2. Ecco dunque la mia preghiera notte e giorno: che tu raggiunga quel grado e che tu conosca le infinite ricchezze di Cristo (Ef 3,8), poiché sono pochi quelli che sono stati resi perfetti. E sono coloro per i quali sono stati preparati i troni, affinché siedano con Gesù per giudicare gli uomini58. Perché in ogni generazione ci sono uomini giunti a quella misura, per giudicare ciascuno della sua generazione59. Questo è ciò che ti chiedo incessantemente in virtù dell’amore che ho per te. Il beato Paolo disse a coloro che amava: Io voglio dare loro non solo il vangelo di Cristo, ma anche la nostra vita, perché ci sono diventati molto cari (1Ts 2,8 ). Ho mandato a te mio figlio, finché Dio non mi conceda di venire corporalmente a te, per aiutarti a progredire ancora di più. Perché quando i genitori ricevono figli, Dio è in mezzo a loro da entrambe le parti.

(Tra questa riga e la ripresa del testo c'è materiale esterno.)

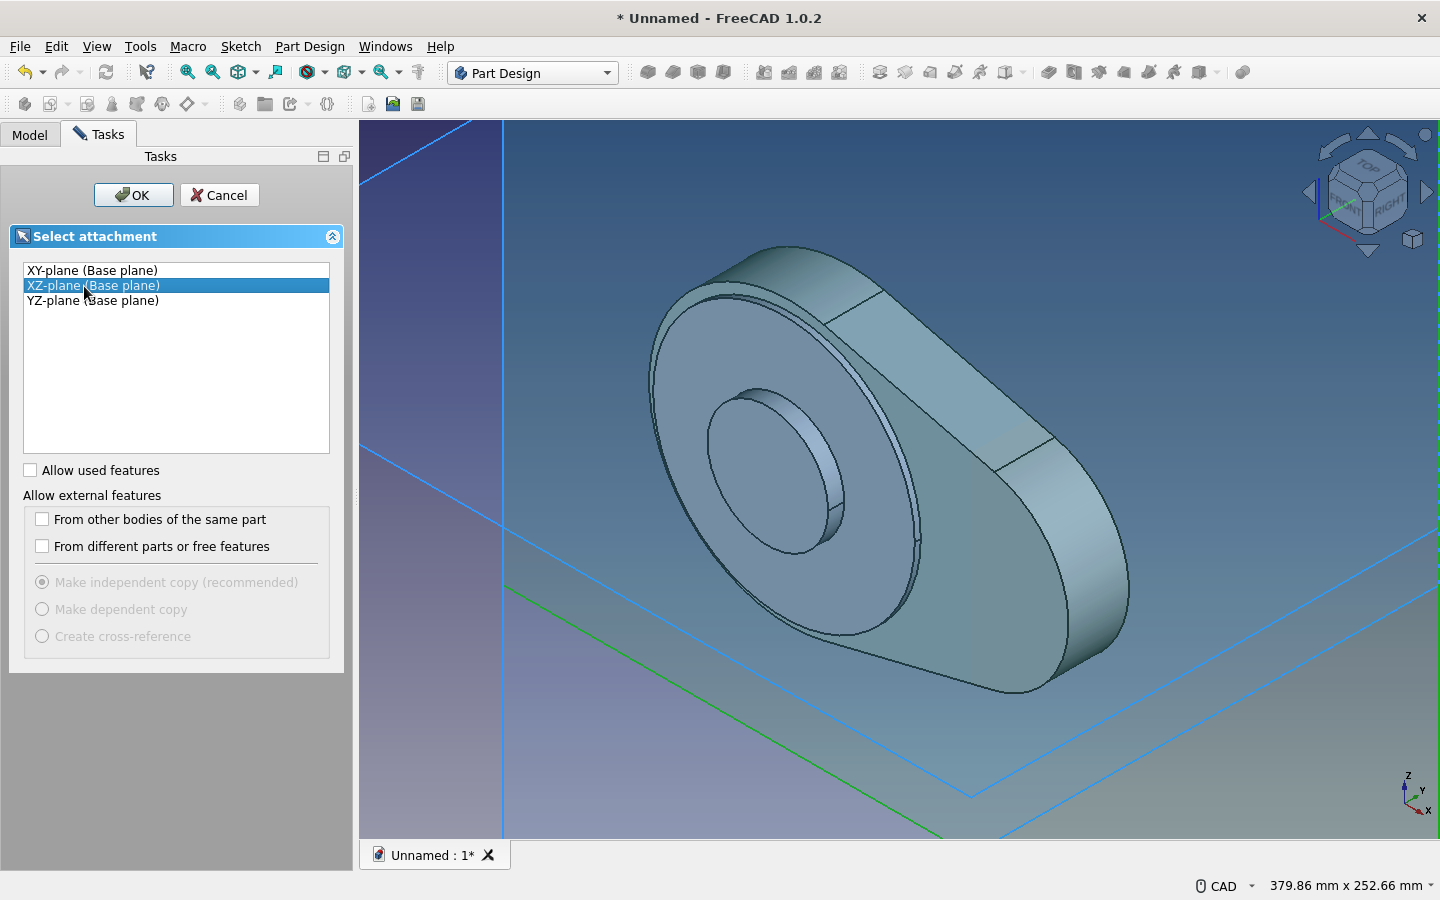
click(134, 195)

Resta in pace e comportati bene nel Signore.
NOTE:
56È conservato solo in siriaco (n. 6), georgiano (n. 6) e arabo (n. 13).
57 Nel senso di dimore celesti.
58 Siriaco: “A chi sono le grandi promesse del Figlio; ricevono grazie e aiutano gli uomini”.
59 Siriaco: “E ciascuno di questi è un esempio per la sua generazione, affinché colui che è considerato perfetto sia un esempio per gli uomini”.
Lettera VII60[Il carisma dei Padri]
1. All’amato nel Signore, che ha una parte nel Regno dei cieli. Allo stesso modo in cui cerchi Dio imitando tuo padre61, credo che anche tu riceverai le stesse promesse, perché sei stato annoverato nel numero dei suoi figli. Perché i figli ereditano la benedizione dei genitori62, imitando il loro zelo. Per questo il beato Giacobbe, imitando in tutta la pietà63 dai suoi genitori ricevette da loro la benedizione; e quando fu benedetto dai genitori, vide subito alzarsi la scala e salire e scendere gli angeli (Gn 22,1-12). Ora, dal momento in cui alcuni sono benedetti dai genitori e vedono le forze divine, nulla può disturbarli. Perché il beato Paolo quando vide quelle stesse forze divine, rimase impassibile64 e gridò dicendo: «Chi mi separerà dall’amore di Cristo?65La spada, la fame, la nudità? Ma né angeli né principati né potenze, né altezza né profondità, né altra creatura potrà separarmi dall’amore di Dio?».66 (Rm 8,35-39).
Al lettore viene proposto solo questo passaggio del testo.